17:29:55 : Creating Pandas Frame with path and labels


### Resample to target rate
___

In [15]:
for instrument, value in Instruments.items():
    data = pd.read_pickle(p_temp1 / (instrument + '.pkl'))
    data = wave_manipulator.resample2(data, sr=44100)
    data.to_pickle(p_temp2 / (instrument + '.pkl'))
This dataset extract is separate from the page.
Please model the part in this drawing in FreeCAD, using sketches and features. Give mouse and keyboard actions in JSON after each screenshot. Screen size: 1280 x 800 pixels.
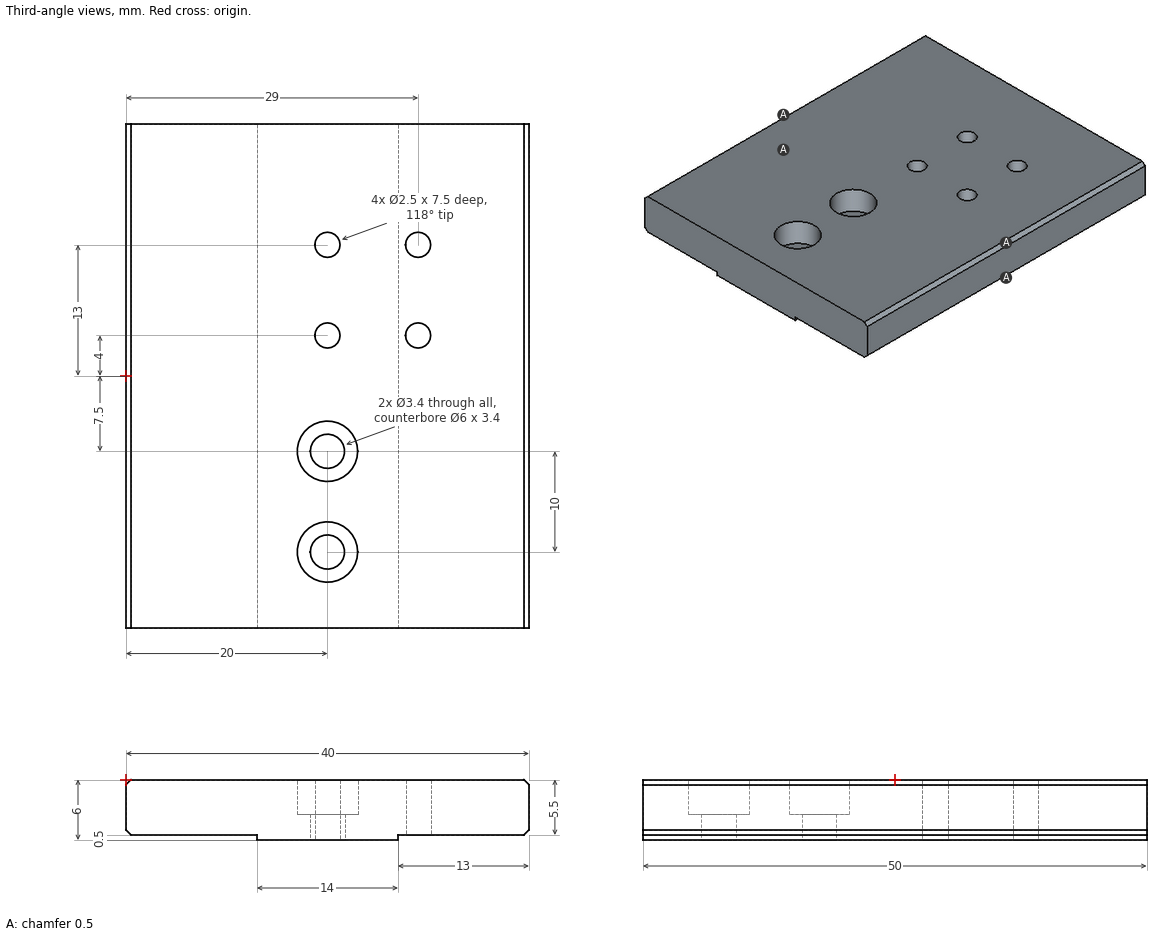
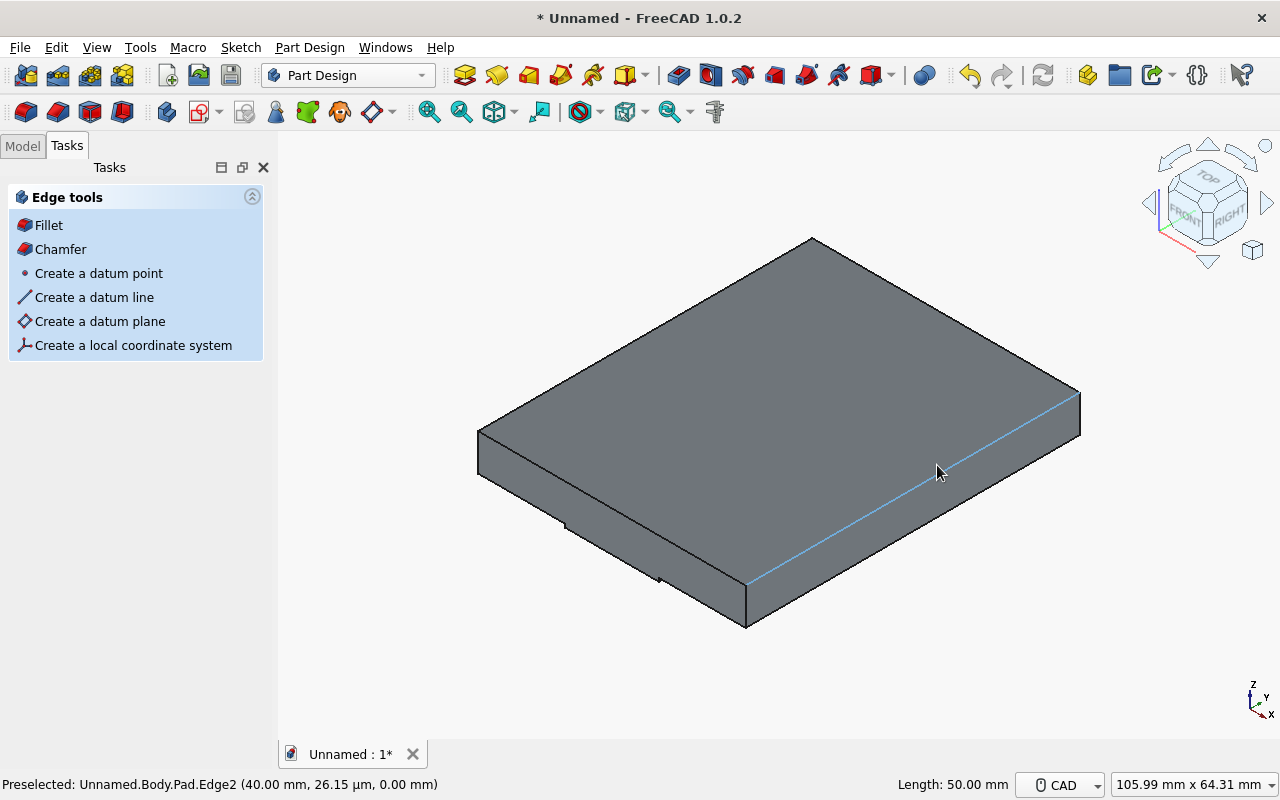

### Slice and trim the takeouts
___

In [16]:

for instrument, value in Instruments.items():
    if value[0] == 'skip':
        shutil.copyfile(p_temp2 / (instrument + '.pkl'), p_temp1 / (instrument + '.pkl'))
    else:
        print(instrument, value)
        data = pd.read_pickle(p_temp2 / (instrument + '.pkl'))
        for i in range(60, 20, -1):
            data = wave_manipulator.slice_recording2(data, Ignore=132000, min_loud=value[1], top_db=i, no_samples=value[3])
            data = wave_manipulator.delete_trash(data, length=25000, top_db=100)
        data.to_pickle(p_temp1 / (instrument + '.pkl'))

Horn ['run', 0.01, 20, 22000]


### Iterate to trim until minimum value reached
___

In [17]:
for instrument, value in Instruments.items():
    data = pd.read_pickle(p_temp1 / (instrument + '.pkl'))
    
    for i in range(120, 20, -1):
        n = i/2
        data = wave_manipulator.trim_silence2(data, Ignore=44100*3, top_db=n)
        
    data.to_pickle(p_temp1 / (instrument + '.pkl'))

### Slice trailing end over given length
___

In [18]:
for instrument, value in Instruments.items():
    data = pd.read_pickle(p_temp1 / (instrument + '.pkl'))
    data = wave_manipulator.cut_end(data, length=132300)
    data.to_pickle(p_temp1 / (instrument + '.pkl'))

### Clean the edges
___

In [19]:
for instrument, value in Instruments.items():
    data = pd.read_pickle(p_temp1 / (instrument + '.pkl'))
    data = wave_manipulator.clean_edges(data, length=132299)
    data.to_pickle(p_temp1 / (instrument + '.pkl'))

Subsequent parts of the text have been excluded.